From what I understand, it looks like multi-signature 2-of-3 addresses require three public keys to generate
The requirement is for private keys, the public keys are well, public: everybody knows them. A 2 of 3 script requires that any two of the three mentioned keys is needed, and you can use variations of this such as 2 of 2, 3 of 3, 1 of 3, etc.
are spent via raw transactions
It's also worth nothing that "raw transactions" is just a term used in Bitcoin Core when taking about anything which is not Pay to Pubkey Hash, it's pretty meaningless unless you're talking about the client itself.
So why do these services not allow you to keep all three keys?
The intention in multi signature wallets is that you can have a requirement for multiple parties to authorize a transaction. In the case of this model, you would have a 2-of-2 system, where there are two parties and both are required to sign in order to spend the related funds. This has the following properties:
The service can not outright steal the money from the user, as the user needs to sign the transaction as well.

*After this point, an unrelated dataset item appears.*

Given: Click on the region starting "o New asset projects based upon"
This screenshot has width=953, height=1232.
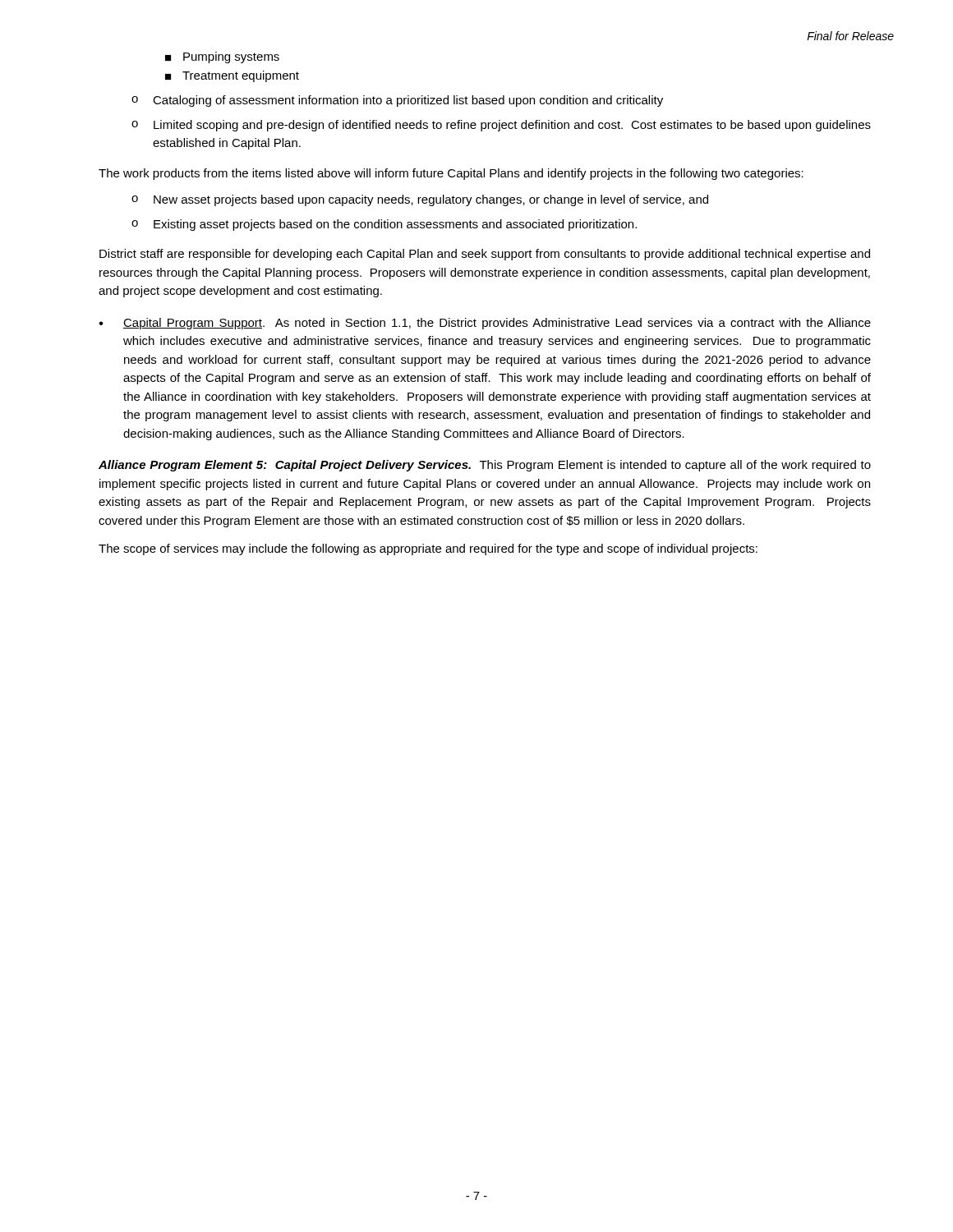Looking at the screenshot, I should pos(501,200).
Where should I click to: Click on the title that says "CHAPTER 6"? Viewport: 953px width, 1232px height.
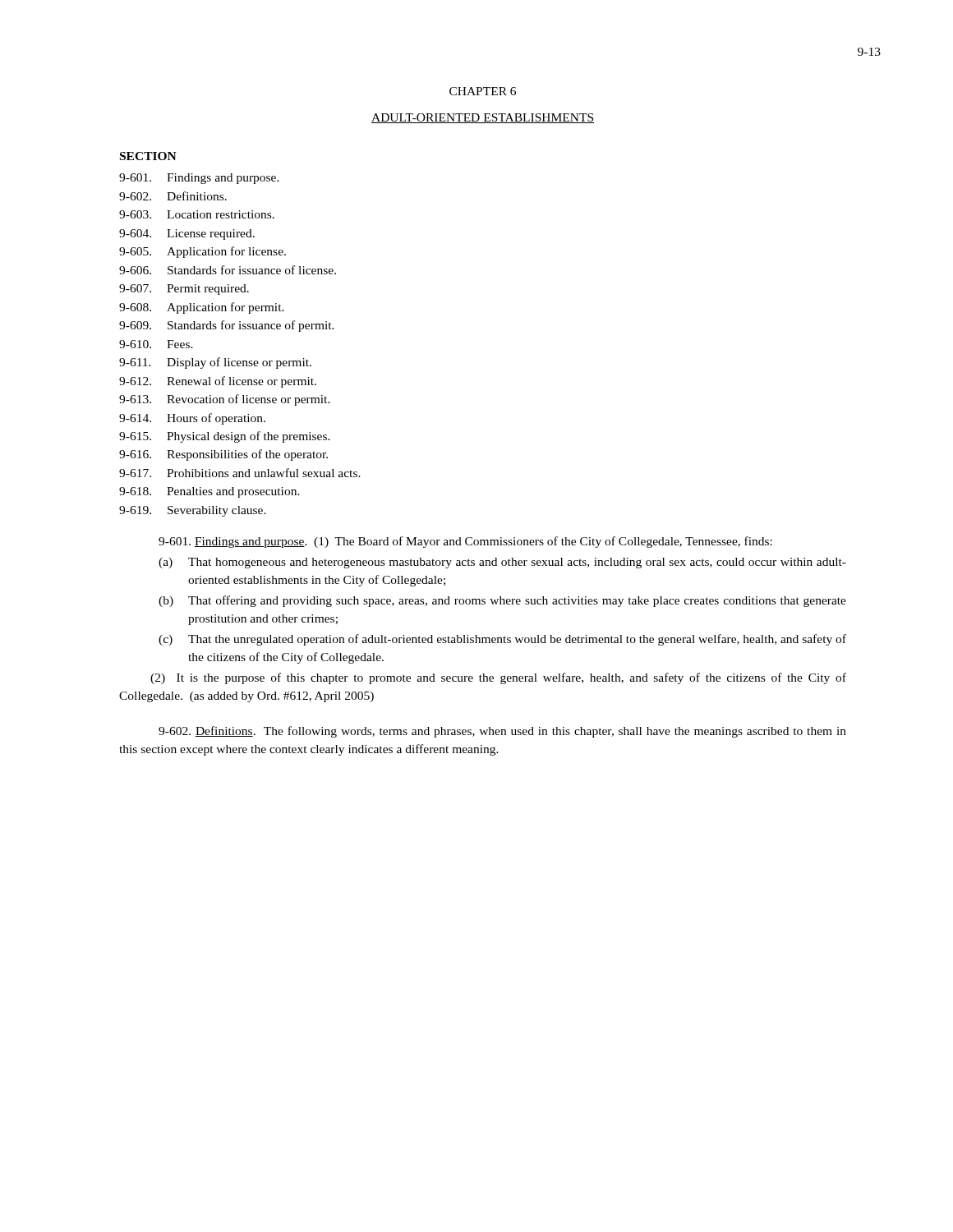pyautogui.click(x=483, y=91)

The user can have restrictions placed on them by the third party, say, they won't sign transactions which spend more than $10 a day, or without the requirement of additional authorization.

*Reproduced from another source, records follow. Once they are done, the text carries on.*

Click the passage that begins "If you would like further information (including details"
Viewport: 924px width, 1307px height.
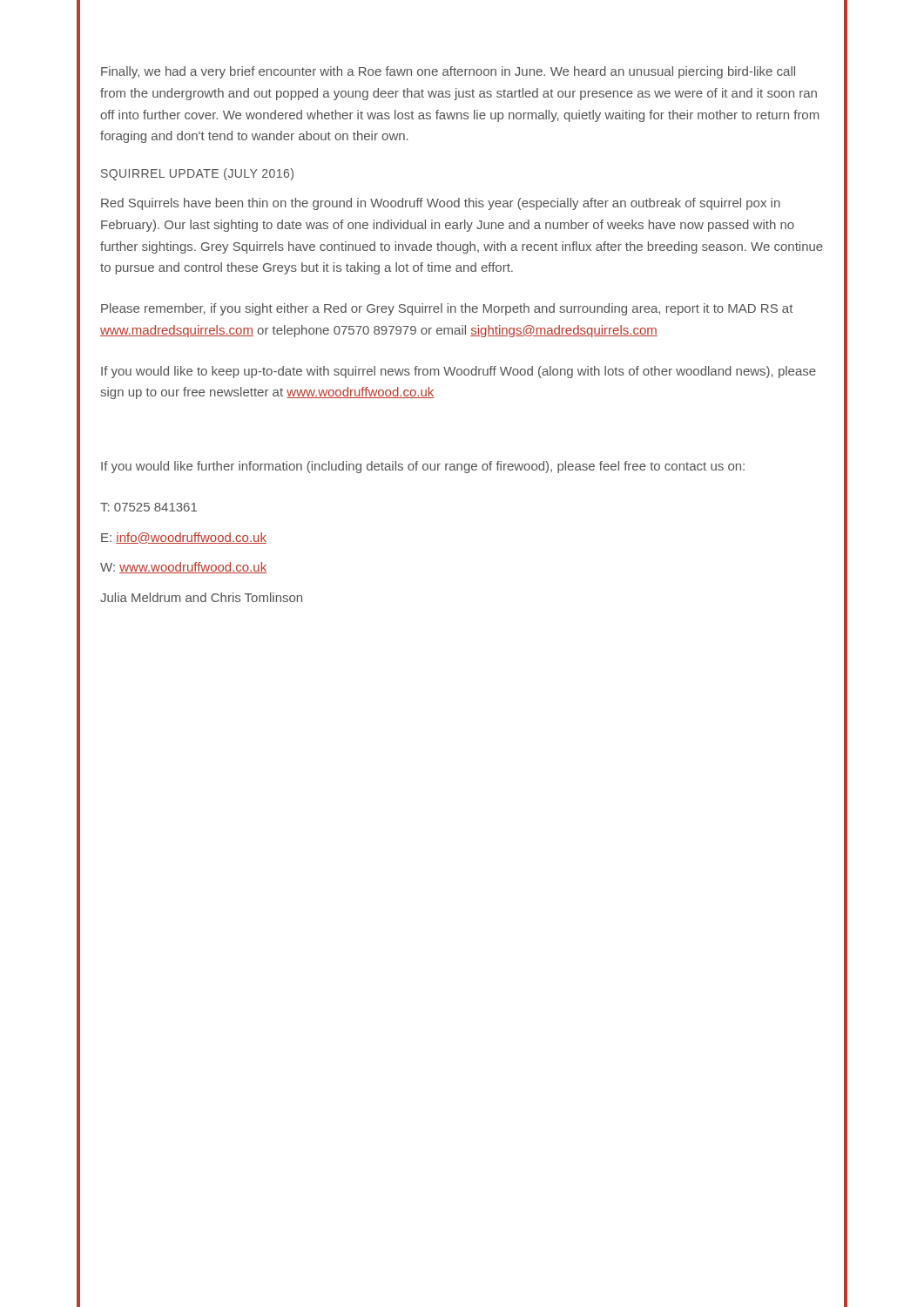point(423,466)
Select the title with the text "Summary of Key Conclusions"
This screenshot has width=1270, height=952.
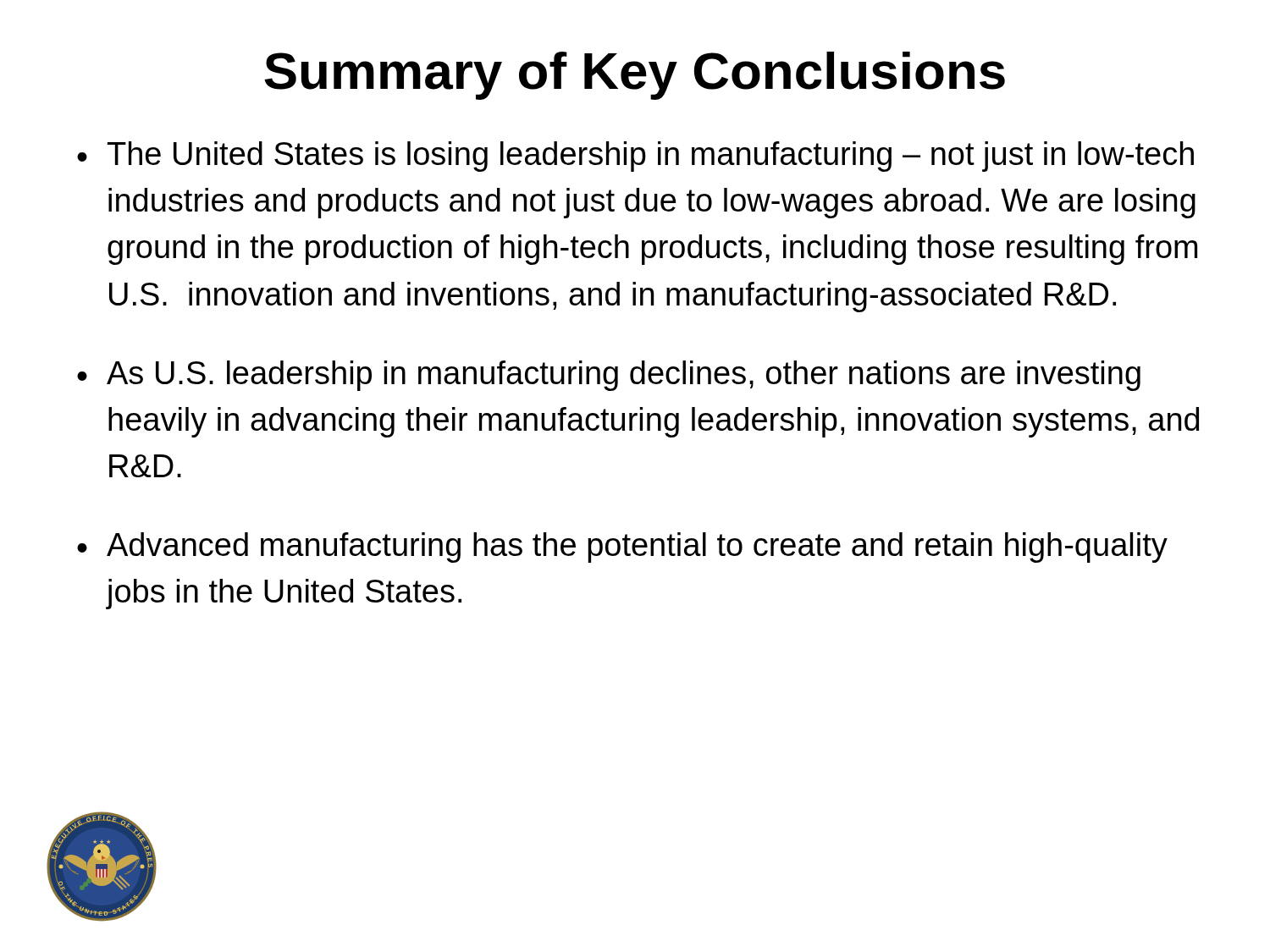click(635, 71)

Transactions can be authored in such a way that if the service refuses to sign any transactions (randoms the user, or goes out of business), after a significant passing of time the requirement is reduced to just a single signature from the user.
With these properties you can author very powerful systems with arbitrary spending requirements without risking the loss of money by giving complete of your money to anybody else.

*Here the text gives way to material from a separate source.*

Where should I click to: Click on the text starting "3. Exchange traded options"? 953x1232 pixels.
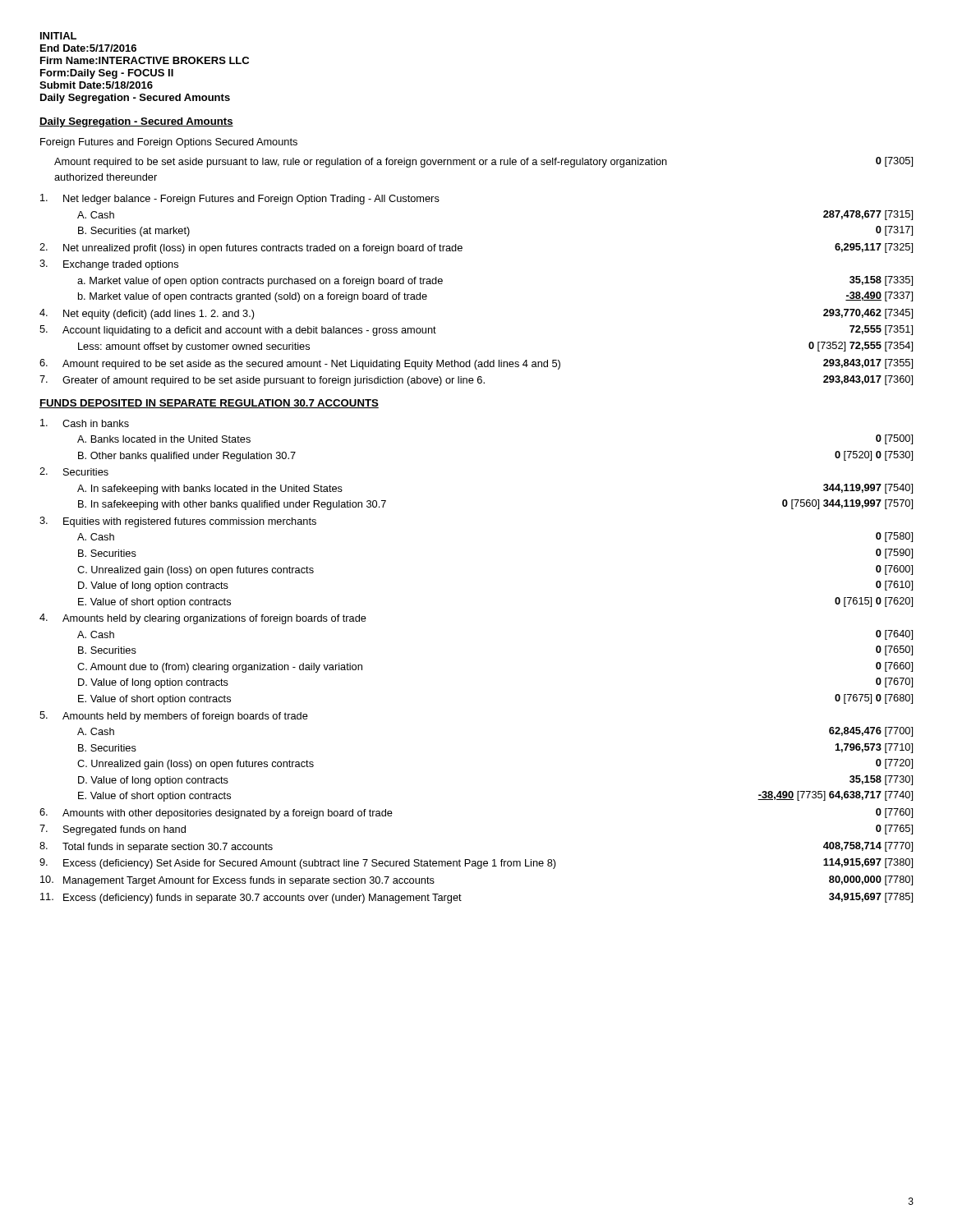109,265

In the case of web wallets however, this system is almost completely snake oil cryptography as the third party is also the one serving the code to the users. At any time they can alter this to different code which just sends the private keys back to them, or blindly signs any transaction they want. There's absolutely no way of making web wallets safe in light of this property.
So why do these services not allow you to keep all three keys?
Then it would be pointless having multisignature transactions where one party holds all the keys, it would cost a lot less to just use regular transactions. Multisignature scripts tend to have significantly higher costs for use compared with regular transactions.